To: David S.
From: Geoffrey Klempner
Subject: What did Dr Johnson prove by kicking the stone?
Date: 31 August 2004 11:42
Dear David,
Thank you for your email of 20 August, with your fifth essay for the Metaphysics program, in response to the question, ''I refute it thus.' - When he kicked the stone in the church courtyard, what was Dr Johnson hoping to prove? Was his demonstration a success?'
First of all, many congratulations on completing your Pathways program! I will be forwarding your Pathways Certificate for the Secretary of the ISFP to countersign, along with my mentor's report.
This is an impressive essay. With your permission, I would like to publish this in the next issue (91) of Philosophy Pathways.
You get off to an excellent start, by brushing aside the naive interpretation of Dr Johnson's argument. It is far more plausible that Dr Johnson was, as you say, making a philosophical point about the limits - or limitations - of 'ingenious sophistry', a point which would be readily accepted by Pragmatists from Pierce and James onwards.
However, there is another model to consider, provided by Berkeley's successor, Hume. In the famous passage 'On Scepticism With Regard to the Senses' where Hume uses his method of analysis to demolish the notion that objects continue to exist unperceived, or have an existence which is distinct from the act of perception, Hume expresses impatience with these 'strained speculations' and famously decides to go off and play a game of backgammon.
This isn't the philosophy of pragmatism, but arguably something even more extreme: a repudiation of the project of philosophy itself. When we remember the context of Hume's remark - Hume saw himself as writing a contribution to the science of 'human nature' which would have as great an impact as that of Newton in the realm of physics - there is a case for saying that what Hume was proposing, in a positivist spirit, the end of philosophy. Henceforth, questions which were previously regarded as 'philosophical' would be answered by the 'science of human nature' - psychology.
Rorty too sees an end to 'philosophy', but also recognizes that philosophers will still be needed after the revolution, to carry out the 'edifying conversation' about the ultimate questions of human concern.
So where does Boswell stand, in relation to these alternatives? Was he closer to Hume or James - or Rorty?
You say some interesting things about materialism, in relation to the question of 'emergent properties'.
To be a good materialist, it is not sufficient to accept that the mental properties which 'emerge' are 'caused' by physical events, as you seem to do at one point. That position would be consistent with epiphenomenalism. I don't accept Chalmers zombie thought experiment - that there could be someone physically and behaviourally just like me who had 'nothing inside' - because it leads to the ludicrous consequence of Charmers' own zombie double confidently 'asserting' the truth of epiphenomenalism! - There's got to be something wrong there.

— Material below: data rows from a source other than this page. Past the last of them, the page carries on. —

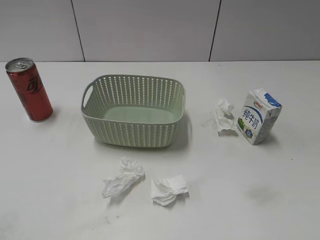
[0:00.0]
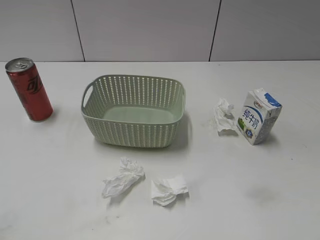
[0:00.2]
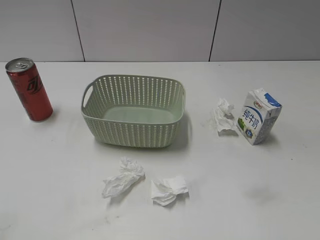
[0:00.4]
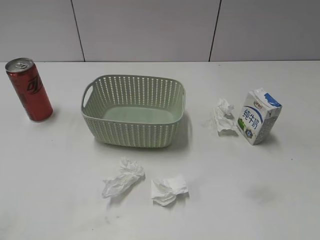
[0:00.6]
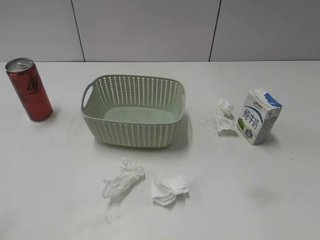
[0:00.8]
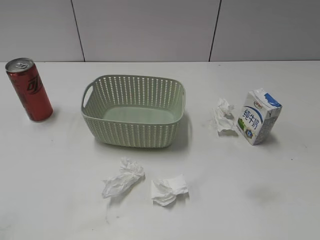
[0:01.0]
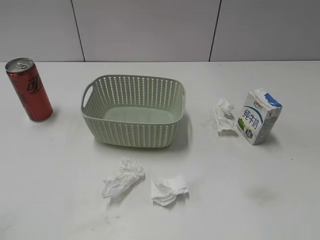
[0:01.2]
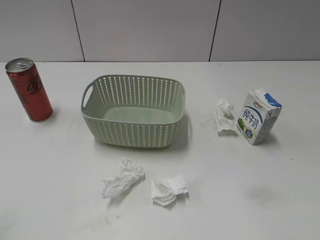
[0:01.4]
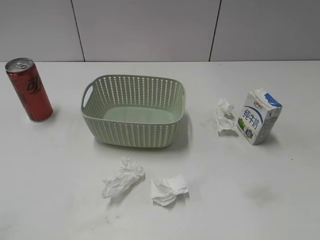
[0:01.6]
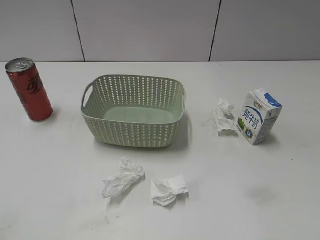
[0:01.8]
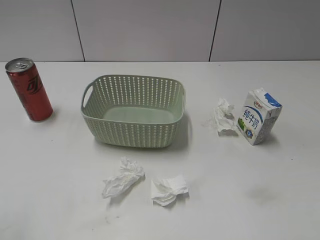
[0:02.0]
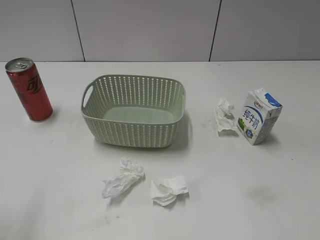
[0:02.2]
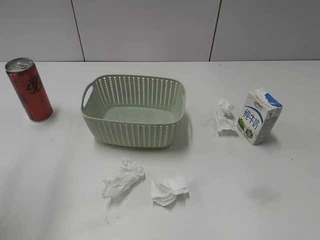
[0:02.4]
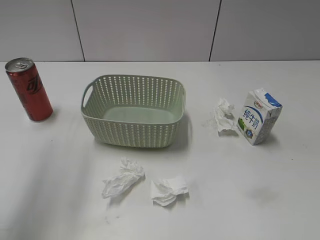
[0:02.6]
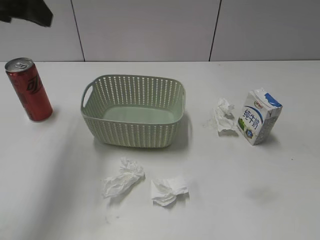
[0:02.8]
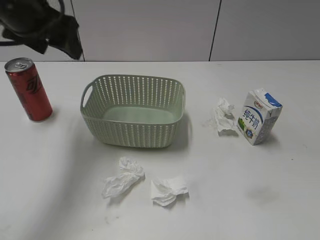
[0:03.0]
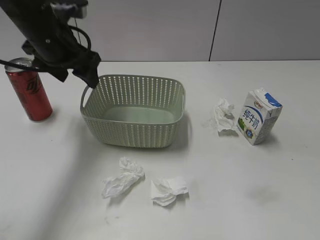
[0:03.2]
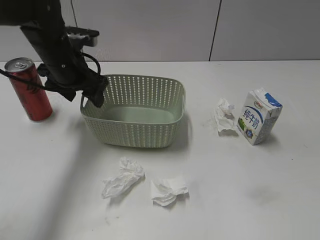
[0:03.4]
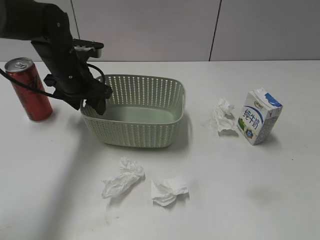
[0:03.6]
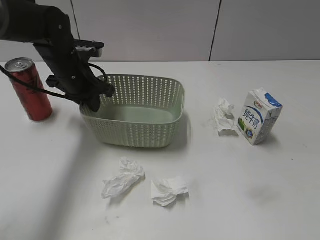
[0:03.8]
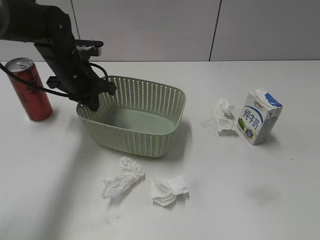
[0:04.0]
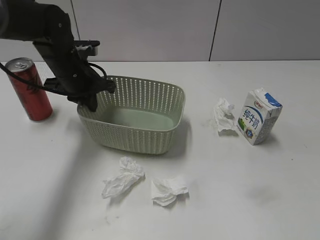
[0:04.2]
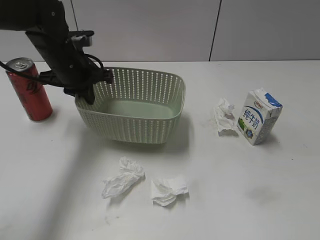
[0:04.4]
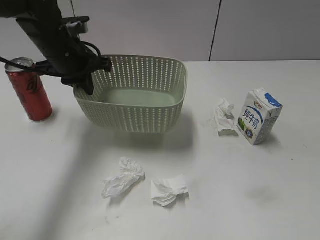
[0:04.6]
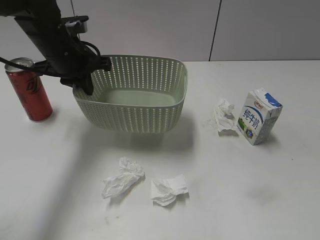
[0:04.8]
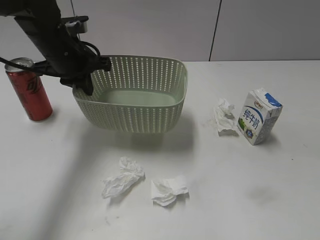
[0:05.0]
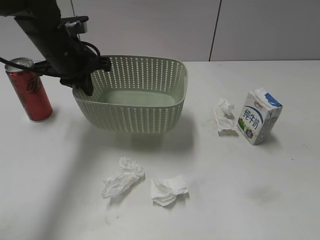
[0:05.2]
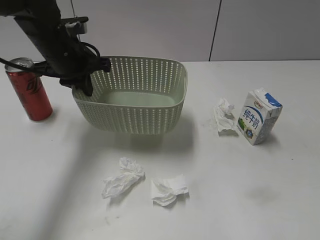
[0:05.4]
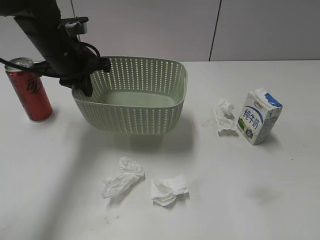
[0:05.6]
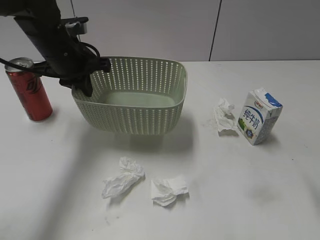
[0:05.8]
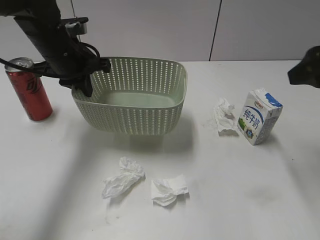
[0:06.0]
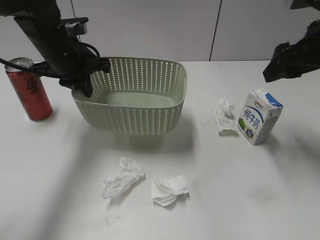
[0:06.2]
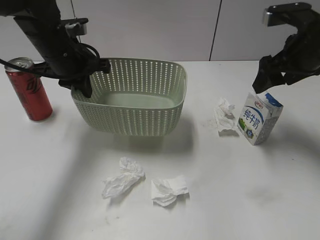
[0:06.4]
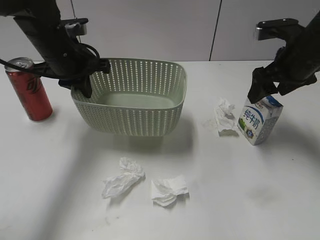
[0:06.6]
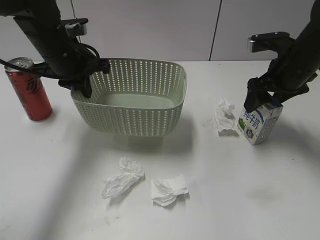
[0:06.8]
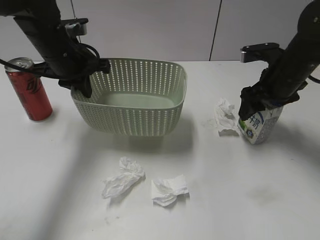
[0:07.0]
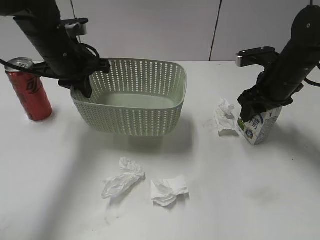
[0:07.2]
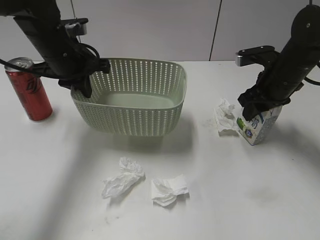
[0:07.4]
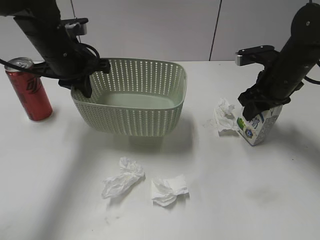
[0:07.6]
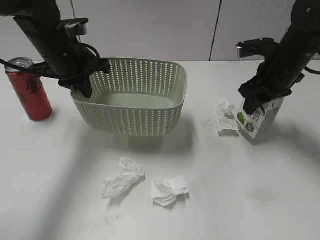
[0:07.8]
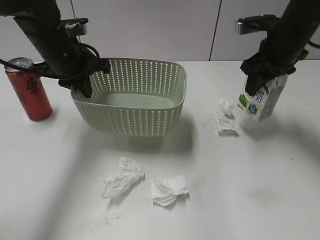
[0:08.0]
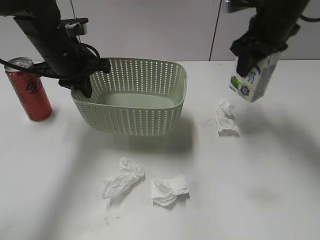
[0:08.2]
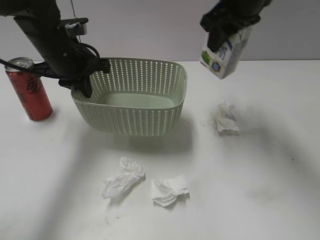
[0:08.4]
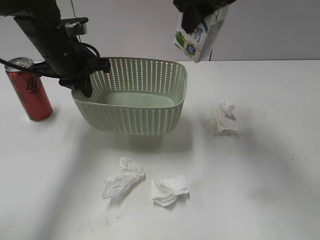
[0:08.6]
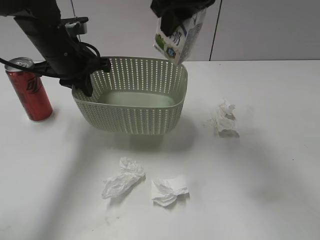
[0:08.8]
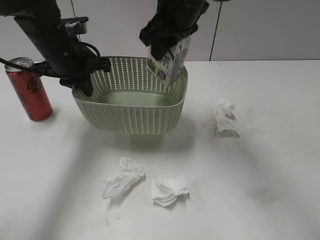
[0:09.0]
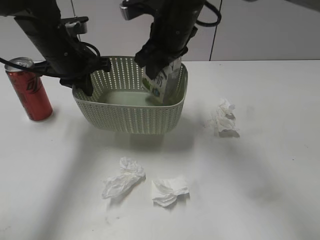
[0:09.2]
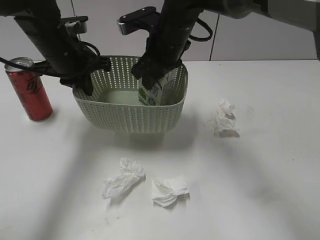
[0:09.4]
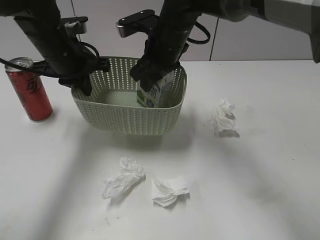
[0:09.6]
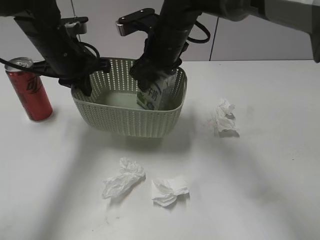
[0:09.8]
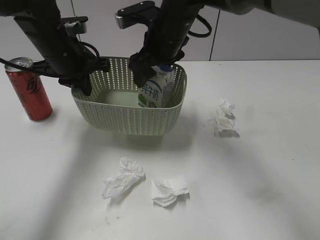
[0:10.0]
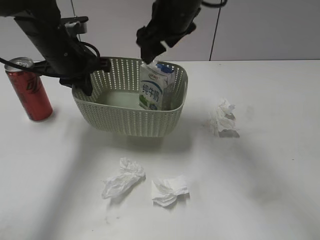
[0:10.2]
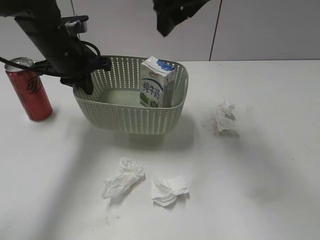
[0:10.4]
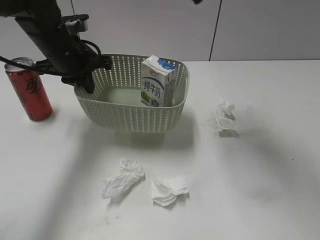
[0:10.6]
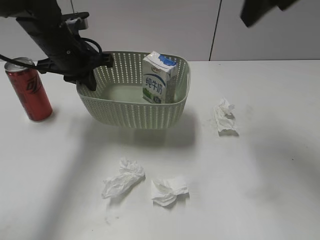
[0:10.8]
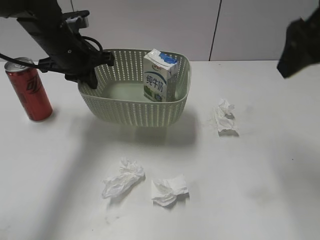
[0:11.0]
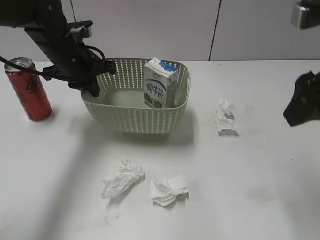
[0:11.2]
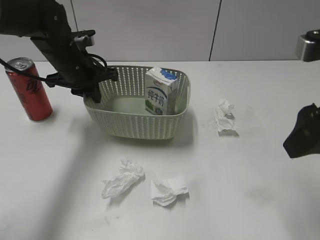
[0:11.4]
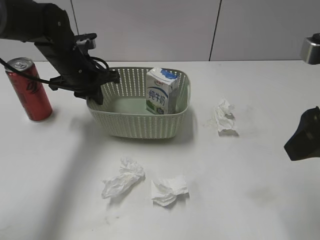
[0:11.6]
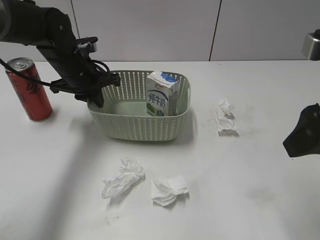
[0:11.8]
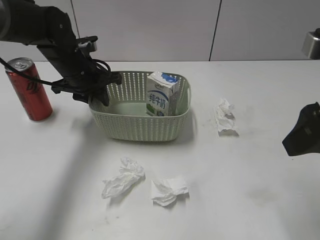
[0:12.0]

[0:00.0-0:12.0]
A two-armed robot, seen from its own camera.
Step, 0:02.8 to 0:03.8: Grasp the basket with left gripper.
Step, 0:04.0 to 0:04.6: Lift the basket with left gripper.
Step, 0:04.8 to 0:07.4: Grasp the milk with right gripper.
Step, 0:07.6 to 0:10.2: Place the milk in the basket with right gripper.
0:01.6 to 0:03.0: The left gripper travels forward by some 30 cm, and opens its fingers.
0:03.0 to 0:04.4: The left gripper heads downward and forward, covering approximately 20 cm, and closes up.
0:04.4 to 0:06.0: The right gripper moves forward, approximately 15 cm. Meanwhile the left gripper changes place by about 5 cm.
0:06.0 to 0:07.6: The right gripper shifts some 25 cm forward and downward, and closes its fingers.
0:07.6 to 0:09.0: The right gripper shifts roughly 25 cm upward and to the left.
0:09.0 to 0:10.4: The right gripper moves downward, approximately 5 cm, and opens up.
0:10.4 to 0:12.0: The right gripper goes approximately 30 cm backward and to the right, while the left gripper heads downward, covering about 5 cm.

Things happen in the mind. There are mental events. To be a good materialist you have to believe that statements made about things that happen in the mind are true in virtue of physical events or states of affairs. The obtaining of those particular physical states of affairs logically suffices for the mental events to occur - there is no logical possibility, as Chalmers envisages, of the very same physical events occurring in the absence of the mental.

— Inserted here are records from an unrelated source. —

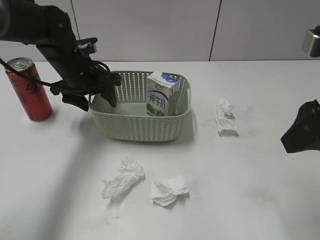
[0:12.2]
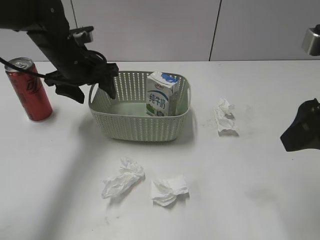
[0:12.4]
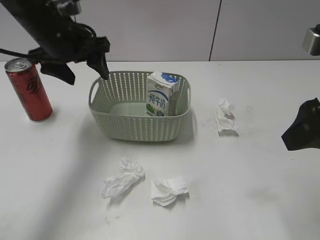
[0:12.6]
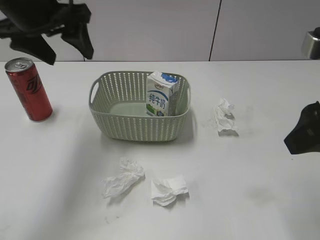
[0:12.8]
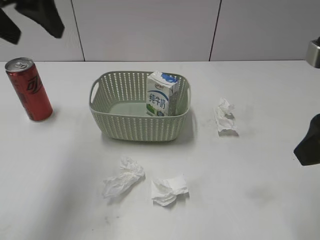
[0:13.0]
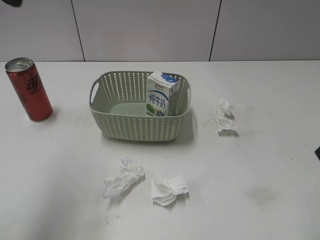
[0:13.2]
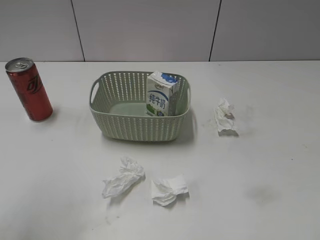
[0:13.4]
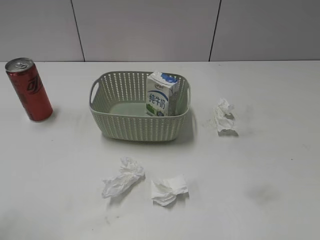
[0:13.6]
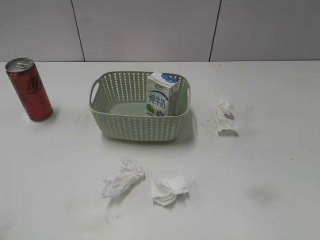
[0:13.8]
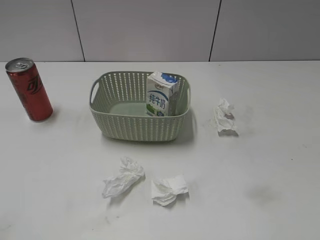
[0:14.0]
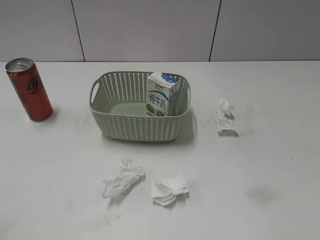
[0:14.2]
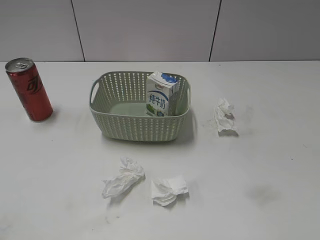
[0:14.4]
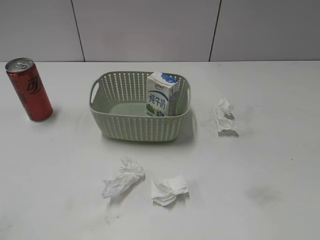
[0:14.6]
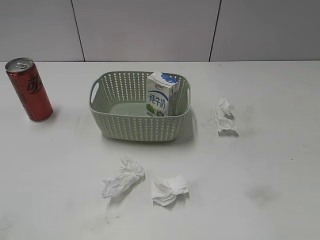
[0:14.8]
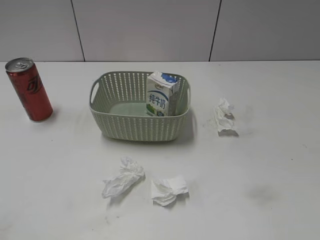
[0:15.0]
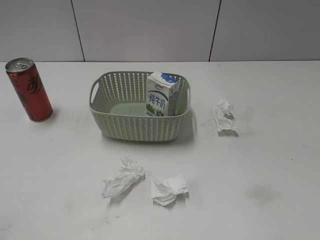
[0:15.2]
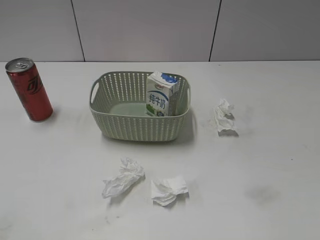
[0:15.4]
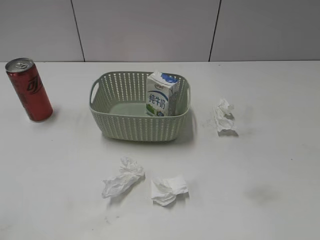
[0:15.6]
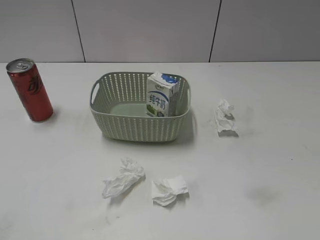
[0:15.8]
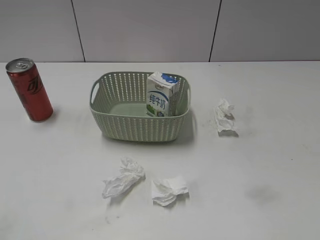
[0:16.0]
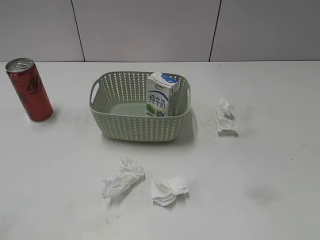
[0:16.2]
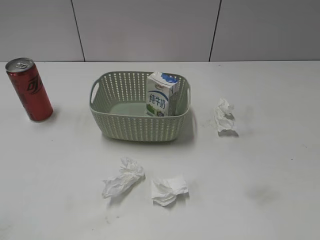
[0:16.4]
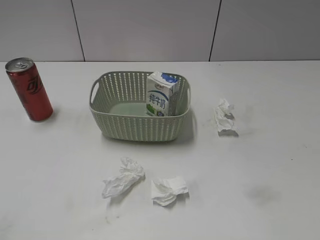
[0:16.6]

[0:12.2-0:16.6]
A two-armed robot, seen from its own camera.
0:12.2 to 0:13.6: The left gripper heads upward and backward, covering roughly 35 cm, and opens its fingers; the right gripper heads backward, covering some 5 cm.

However, it does not follow from this - and here 'emergence' provides a good model - that statements made about the mind can be translated into the language of physics. Mental events can be *realized* in the physical without being *reducible* to the physical.
The rejection of reductionism does mean that there is a troubling asymmetry in the arguments for materialism and immaterialism. As you point out, the immaterialist claims that in a complete description of our experience, the hypothesis of matter is 'redundant'. In the 60's the Australian philosopher David Armstrong proposed an argument which was the exact reverse of this: that in a complete description of the material world, the hypothesis of mental events is redundant. His argument for saying this was that a statement about 'raw feels', e.g. 'Tom is experiencing a sensation of red' can, in principle, be translated into counterfactual statements about Tom's behaviour. If we reject the possibility of reduction, however, then this translation can never be carried out.
In the final units of the Metaphysics program, I argue that any theory or position which leads to a Kantian-style 'antinomy' is thereby refuted. We know that the theory must be false, even if we do not have an alternative to offer. And here lies the troubling gap which you allude to in your final paragraph. I myself have proposed, in my book 'Naive Metaphysics' that we embrace an ultimate contradiction (between the subjective and objective worlds) so I am the last person to confidently apply argument by 'reductio ad absurdum' to metaphysical theories! But if we go ahead with the reductio anyway, then we embrace pragmatism as the 'third alternative' without any constructive philosophical argument for its truth.
- This essay has given me a lot to think about. Well done!